On Thursday the festival opened with a rare offering from Afghan cinema: "No Good Men", the third feature-length film from director Shahrbanoo Sadat.

It tells the story of a young reporter working in Kabul -- played by Sadat herself -- rethinking her scepticism towards men when she strikes up a relationship with a male co-worker.

Sadat, who herself has been living in Germany since Taliban authorities retook power in 2021, said that trawling through locations outside Afghanistan was something she had been used to for a long time.

For No Good Men, she considered Tajikistan, Jordan and Greece to stand in for Afghanistan.

However, Jordan fell through when insurers were spooked by the war in Gaza, with Sadat recalling that "all the work I did went to waste" after location scouting.

The plan to shoot in Greece was scuppered by a lack of funding.

"I know that all the filmmakers, including myself, we are running to Middle East for any stories about Afghanistan," Sadat told AFP.

However, she made her peace with having a setting that wasn't as physically similar to Kabul.

"It's a fiction film. It's not documentary," she said.

Sadat told herself that: "I can definitely create it".

- 'Fierce desire' -

Faced with the alternative of the film not getting made, she embraced the "challenge" of filming in northern Germany, featuring many actors from Germany's large Afghan diaspora.

The film's depiction of the desparate crush at Kabul airport of people escaping approaching Taliban forces made use of a disused German prison.

"It was rainy Berlin and we wanted sunny Kabul," Sadat recalled.

But the weather played ball on the day of shooting: "It was a beautiful sunny day."

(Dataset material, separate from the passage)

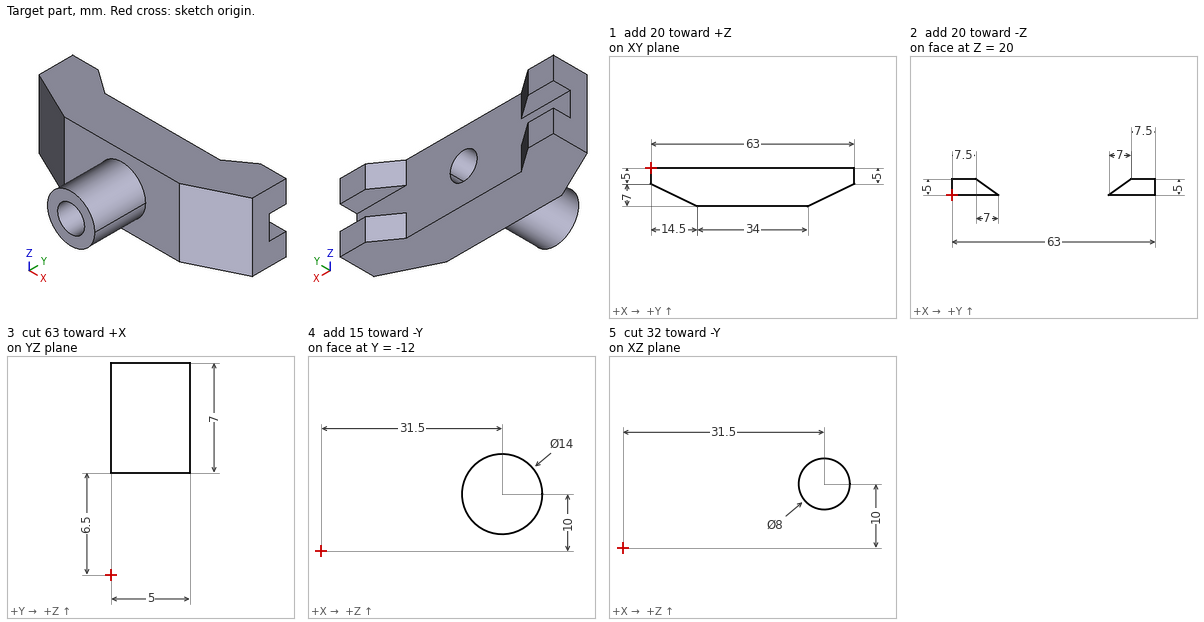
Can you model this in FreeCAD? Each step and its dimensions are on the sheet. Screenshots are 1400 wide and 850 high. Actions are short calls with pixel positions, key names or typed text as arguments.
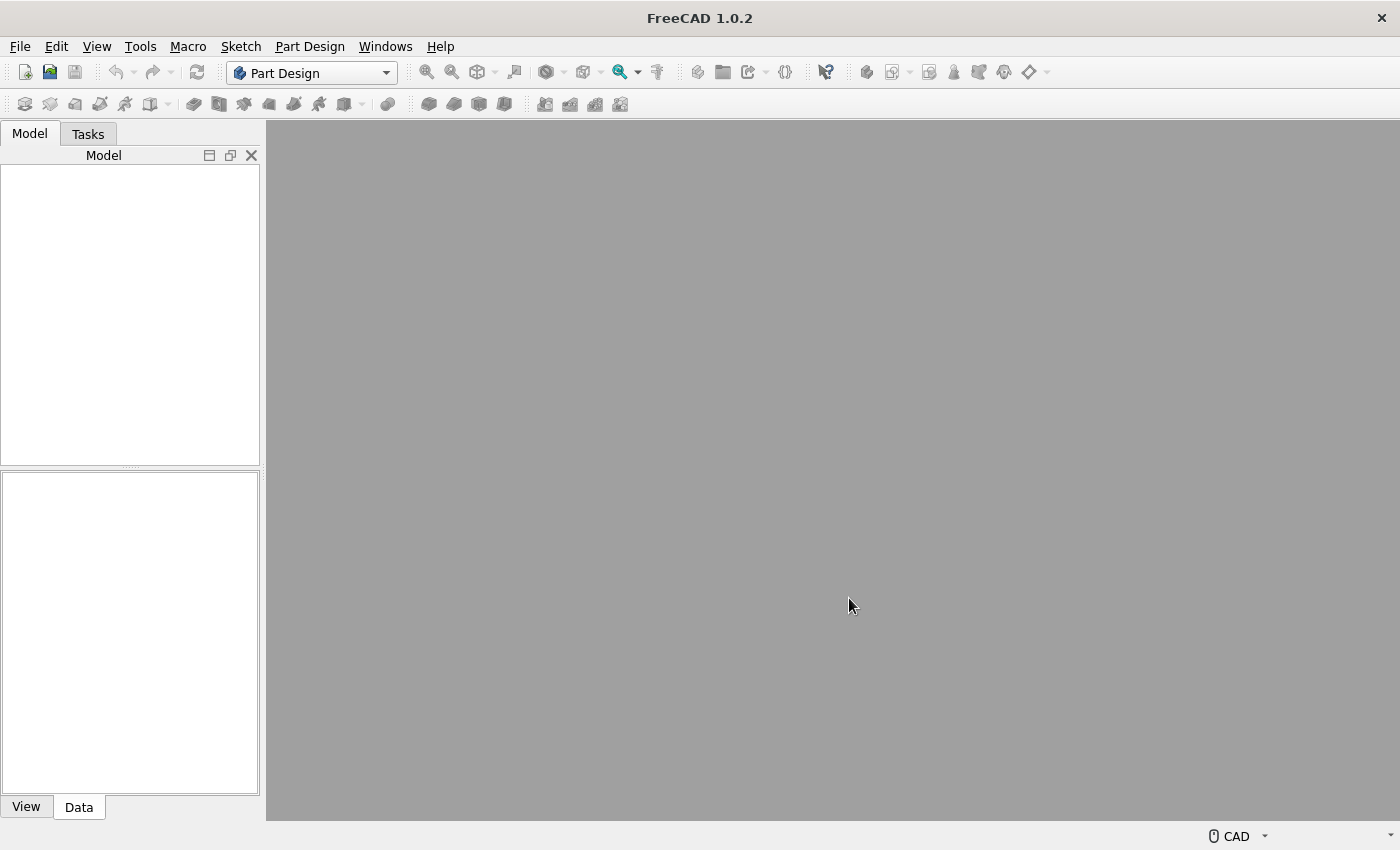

Lebanese director Danielle Arbid faced a similar dilemma with her film "Only Rebels Win", which is being shown in the festival's Panorama section, and is set in her hometown of Beirut.

As she was preparing to shoot the film in Beirut in late 2024 with French-Palestinian actress Hiam Abbass, known for work including her role in the hit HBO series Succession, the Israeli army began a campaign of bombardments in Lebanon.

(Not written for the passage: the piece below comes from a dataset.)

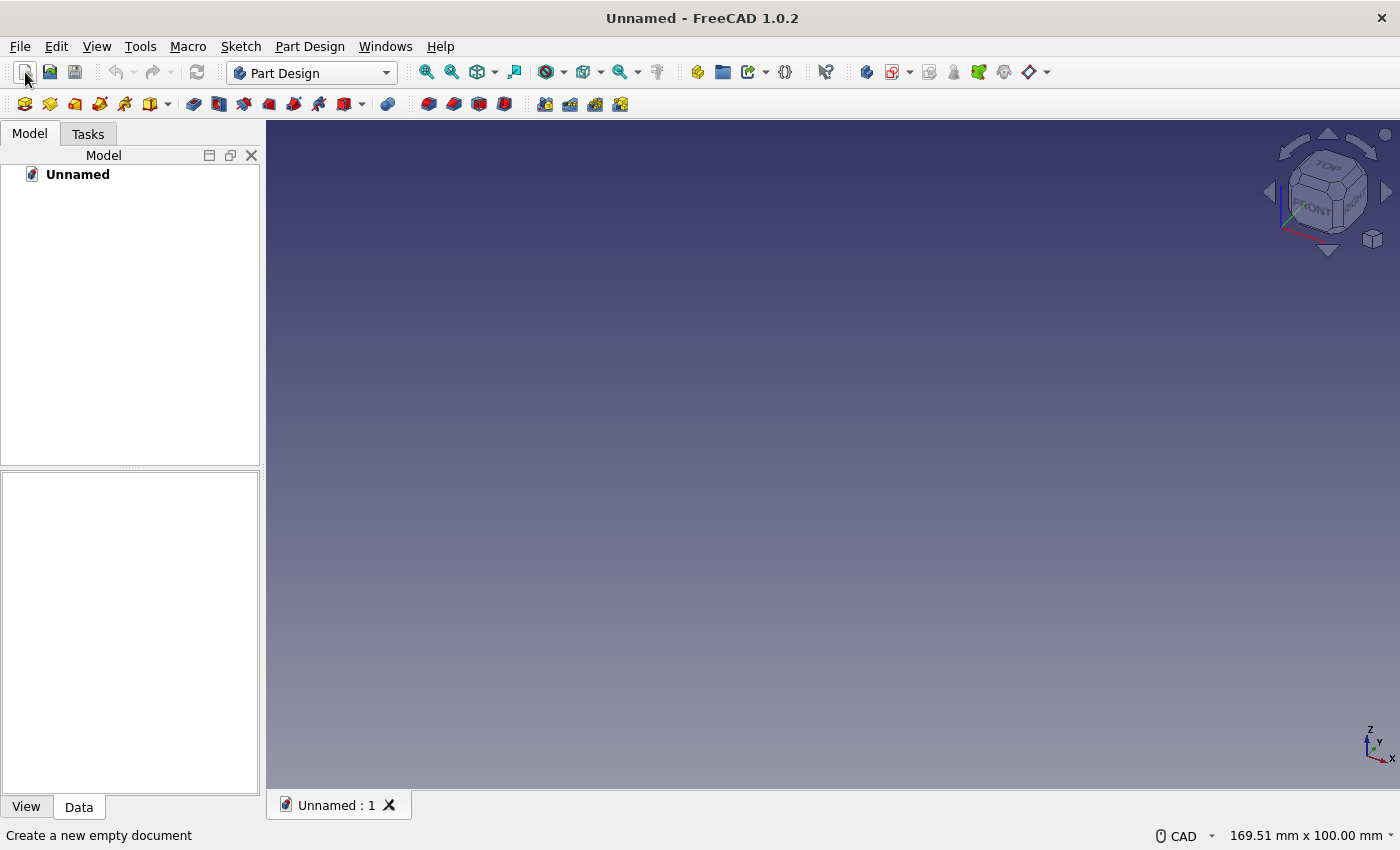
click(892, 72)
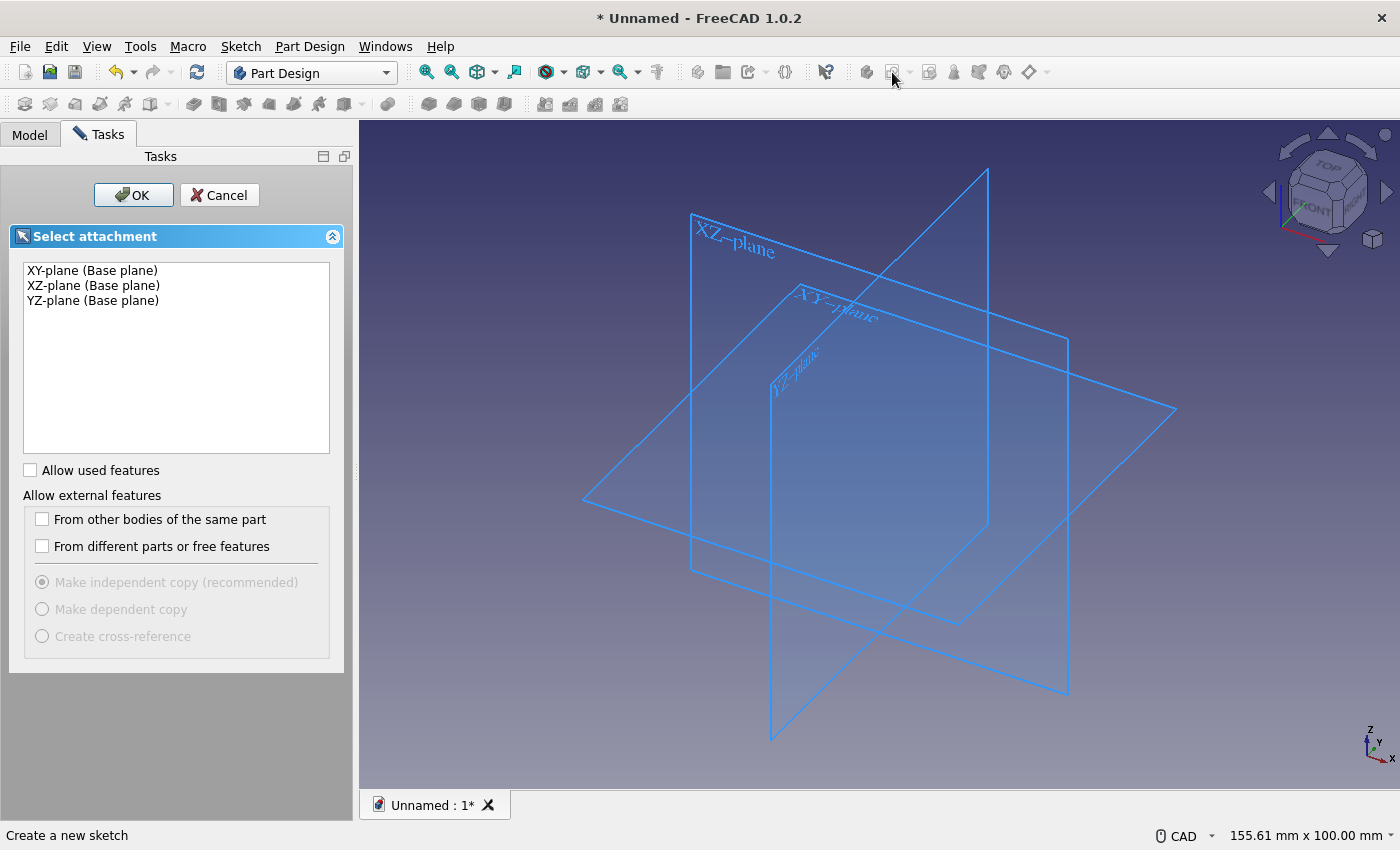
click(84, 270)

"The producers were asking: 'Could we do it in Marseille or Montreuil?'," Arbid told AFP.

"I said: 'No, we'll have to do it in a studio.'"

The film, which tells the story of an unlikely love story between an older Palestinian Christian woman and a South Sudanese immigrant 40 years her junior, was made in a studio in Saint Denis in the Paris suburbs with "600,000 euros and two walls" said Arbid.

To bring Beirut to Paris, she hired a team in the Lebanese capital to shoot street scenes which were then filled in behind the characters in post-production.

Showing the city at a time when it was being heavily bombarded "for me came from a place of anger, a fierce desire" to show Beirut's resilience.

- Artistic choice -

German director Ilker Catak's film "Yellow Letters", which is in official competition, also indulges in some location-switching, but for a slightly different reason.

His film, about a Turkish director and his actor wife suddenly barred from working because of their political opinions, was shot entirely in Germany.

Berlin takes on the role of Ankara with Hamburg becoming Istanbul.

While producers were confident the film could have been shot in Turkey despite the sensitive subject matter, Germany was chosen to illustrate the fact that threats to artistic freedom are universal.

"We do have to deal with this topic already because there are certain things and certain developments in Germany where we have to be really careful," Catak told a press conference on Friday.

"Democracy and freedom of speech needs to be defended every day," he said.

"They can be taken away again any time here in Germany, but also in the west -- the west is by no means any better than any other place in the world."